Doping charges dropped, Sri Lanka's Perera cleared to play
May 12, 2016 16:41 PM GMT+0530 | 0 Comment(s)
COLOMBO, May 12 (Reuters) - Sri Lankan wicket keeper Kusal Perera has had all anti-doping charges brought against him dropped by the International Cricket Council (ICC) after the Qatar-based laboratory that conducted the test withdrew its initial finding.
Perera was sent home from Sri Lanka's tour of New Zealand in December after it was announced that he had failed a test during the series against Pakistan in the United Arab Emirates last July.
He faced a four-year ban from cricket.
"We wish to make it clear that there is no evidence that Mr Perera has ever used performance-enhancing substances and we wish him well in his future cricketing endeavours," ICC Chief Executive Dave Richardson said in a statement.

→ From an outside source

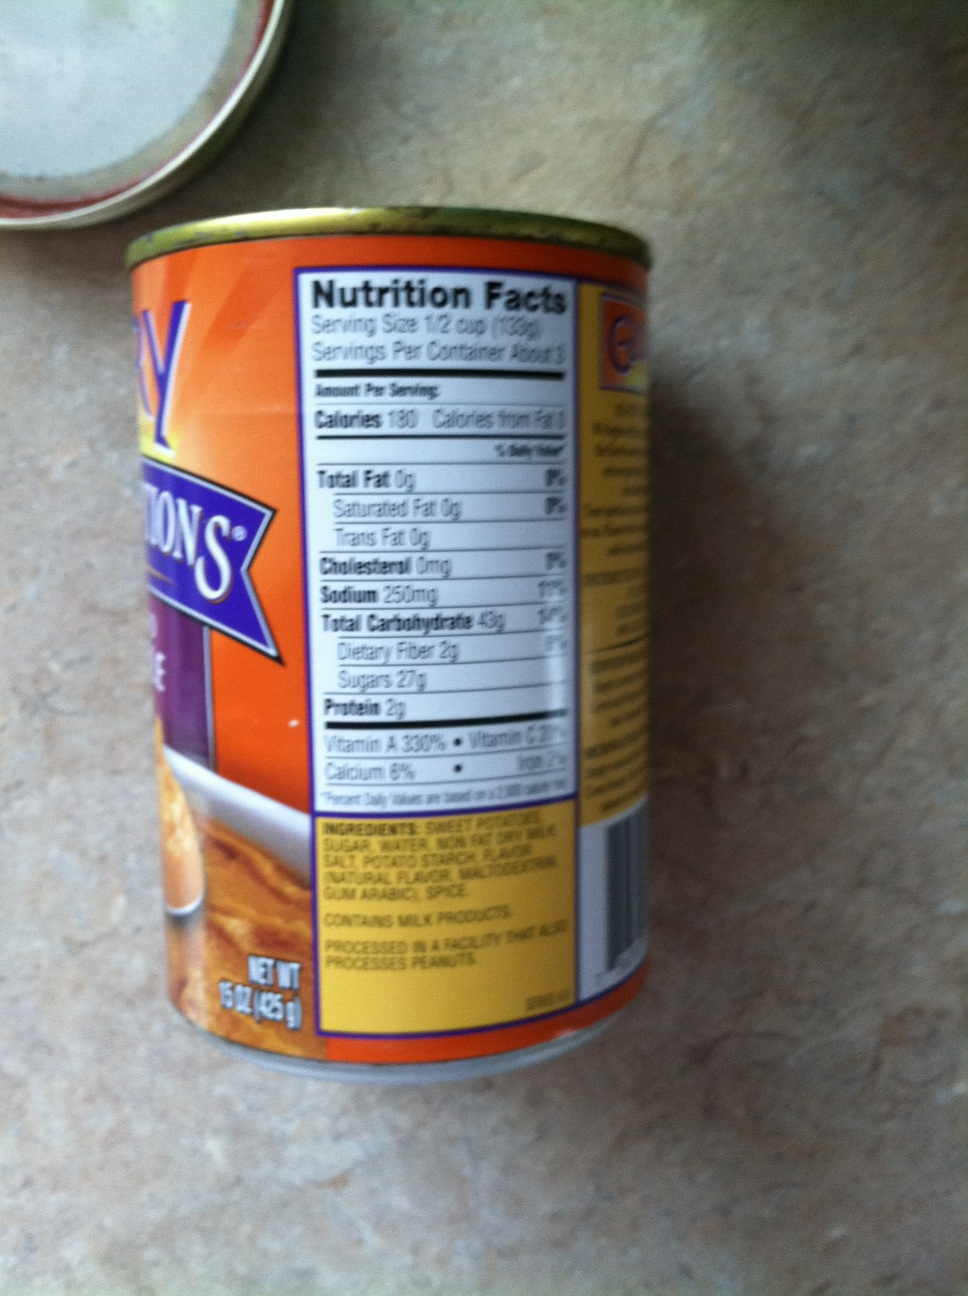Imagining a culinary adventure, what exotic dish could you create with the contents of this tin? With the sweet potatoes from this tin, you could create an exotic Sweet Potato and Coconut Curry. Start by sautéing onions, garlic, and ginger in a pot. Add in the sweet potatoes from the tin, along with some diced tomatoes, coconut milk, and a mix of spices such as curry powder, cumin, and coriander. Let it simmer until the flavors meld together, then serve over a bed of jasmine rice and garnish with fresh cilantro and a squeeze of lime. This dish combines the natural sweetness of the potatoes with the rich, creamy texture of coconut milk, creating a delicious and warming meal.

The Sri Lankan team is currently in England preparing for the first match of their three-test series in Leeds next week.
"I am very happy that the cricket board and all the others believed in me," Perera, 25, told reporters in Colombo.
"I always said I never took anything. Now I can start practising again from today and then let's see what happens."
Perera, who featured in the Sri Lankan team in all three formats, missed the Asia Cup and the World Twenty20, while the provisional suspension meant he was not picked for the England tour as well.
"Some people said that if I accept guilt, the suspension time will be reduced," he added. "But I didn't want to accept guilt when I had not done anything wrong. That is what I said then."
"If I had done something wrong, I can accept it, but when I haven't, I was not going to accept guilt."
Richardson said cricket's governing body would talk to the World Anti-Doping Agency (WADA), which had accredited the laboratory about the case.
"While I am confident that this is an isolated incident in respect of tests commissioned by the ICC, we are seeking an urgent explanation from WADA and the laboratory in an attempt to understand what has transpired and what will be done to ensure that it does not happen again," Richardson said.